▶ **TASK BRIEF**
As soon as the line containing "Answer yes or no. No. Is Dark" appears, start repeating lines exactly and continue to the end of the entries; please skip pictures.

▶ **INFORMATION PROVIDED**
__________

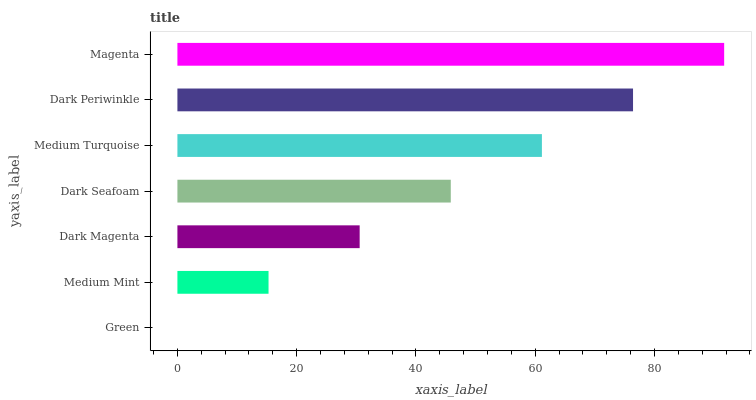Is Green the minimum?
Answer yes or no. Yes. Is Magenta the maximum?
Answer yes or no. Yes. Is Medium Mint the minimum?
Answer yes or no. No. Is Medium Mint the maximum?
Answer yes or no. No. Is Medium Mint greater than Green?
Answer yes or no. Yes. Is Green less than Medium Mint?
Answer yes or no. Yes. Is Green greater than Medium Mint?
Answer yes or no. No. Is Medium Mint less than Green?
Answer yes or no. No. Is Dark Seafoam the high median?
Answer yes or no. Yes. Is Dark Seafoam the low median?
Answer yes or no. Yes. Is Green the high median?
Answer yes or no. No. Is Magenta the low median?
Answer yes or no. No. 
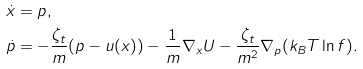<formula> <loc_0><loc_0><loc_500><loc_500>\dot { x } & = p , \\ \dot { p } & = - \frac { \zeta _ { t } } { m } ( p - u ( x ) ) - \frac { 1 } { m } \nabla _ { x } U - \frac { \zeta _ { t } } { m ^ { 2 } } \nabla _ { p } ( k _ { B } T \ln f ) .</formula> 
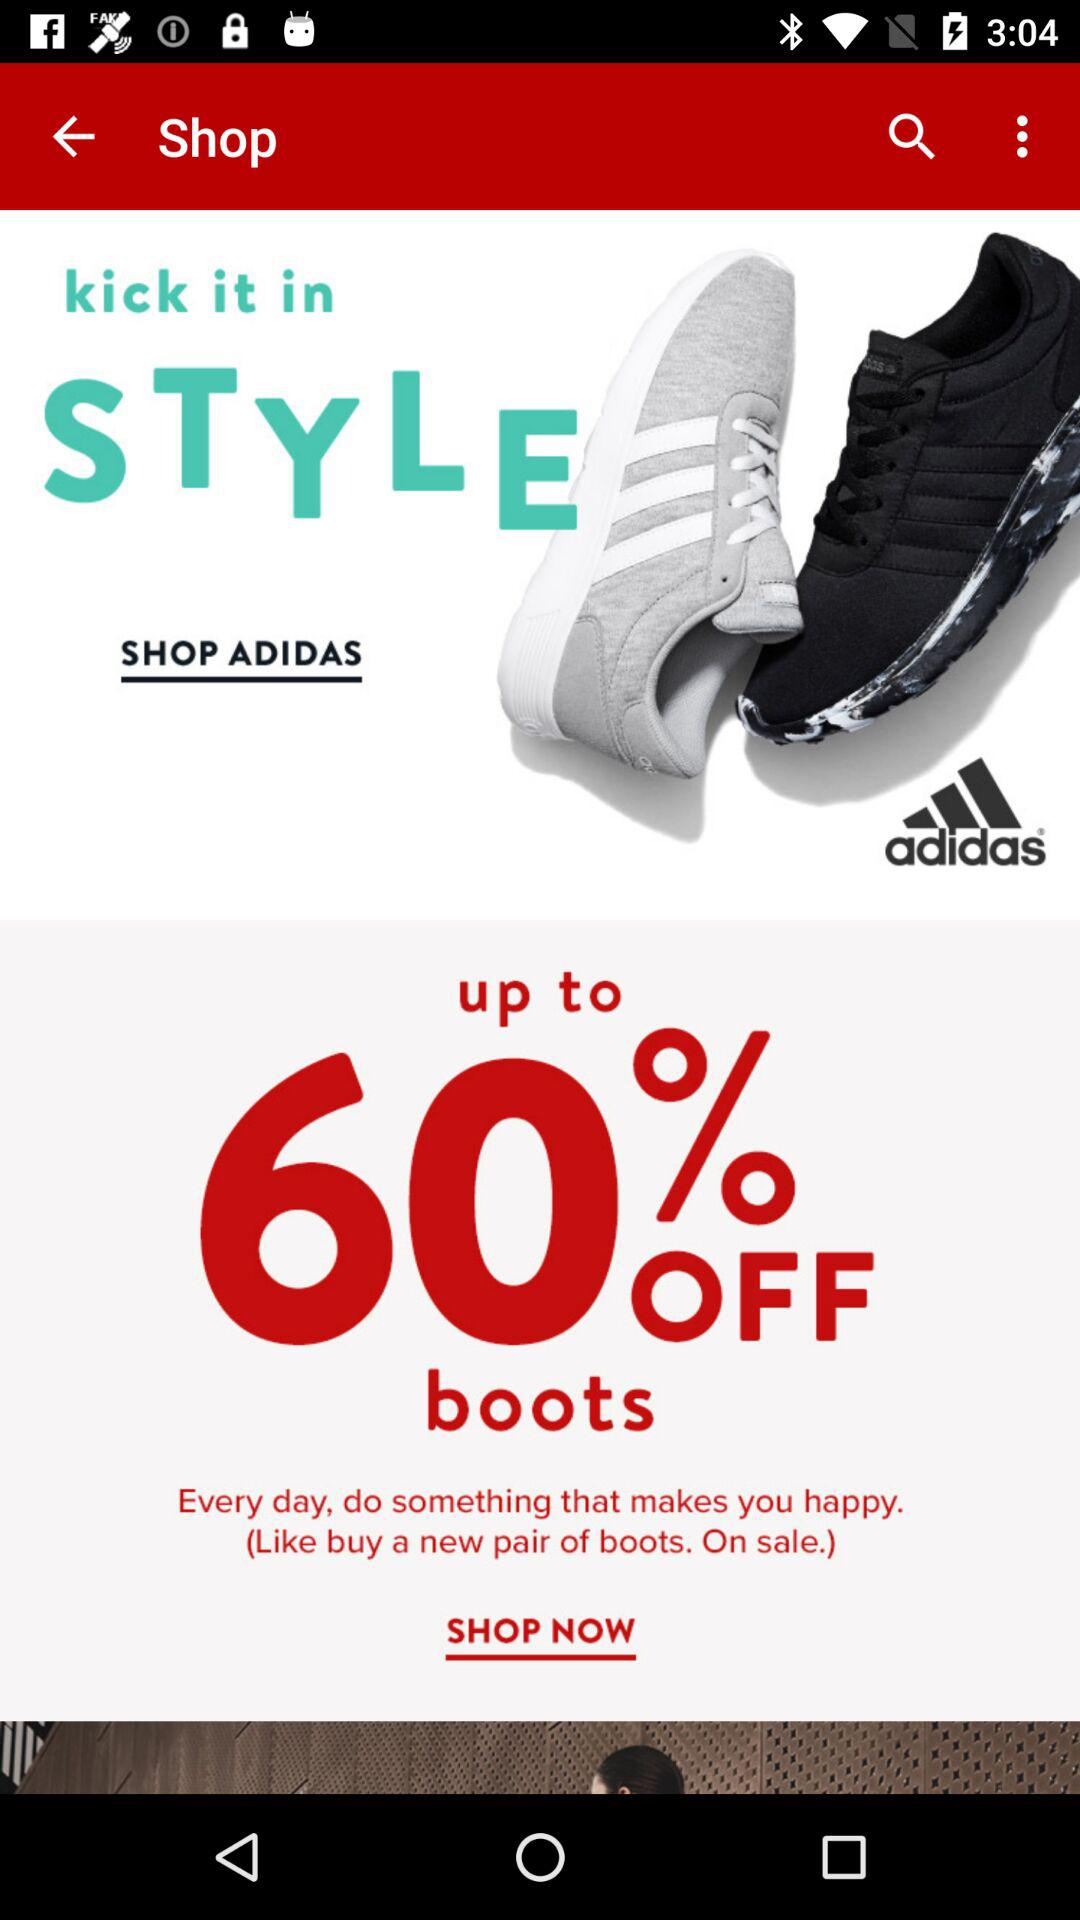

__________

▶ **ANSWER SPACE**
Answer yes or no. No. Is Dark Seafoam the high median?
Answer yes or no. Yes. Is Dark Seafoam the low median?
Answer yes or no. Yes. Is Green the high median?
Answer yes or no. No. Is Magenta the low median?
Answer yes or no. No. 
<formula> <loc_0><loc_0><loc_500><loc_500>\dot { x } & = p , \\ \dot { p } & = - \frac { \zeta _ { t } } { m } ( p - u ( x ) ) - \frac { 1 } { m } \nabla _ { x } U - \frac { \zeta _ { t } } { m ^ { 2 } } \nabla _ { p } ( k _ { B } T \ln f ) .</formula> 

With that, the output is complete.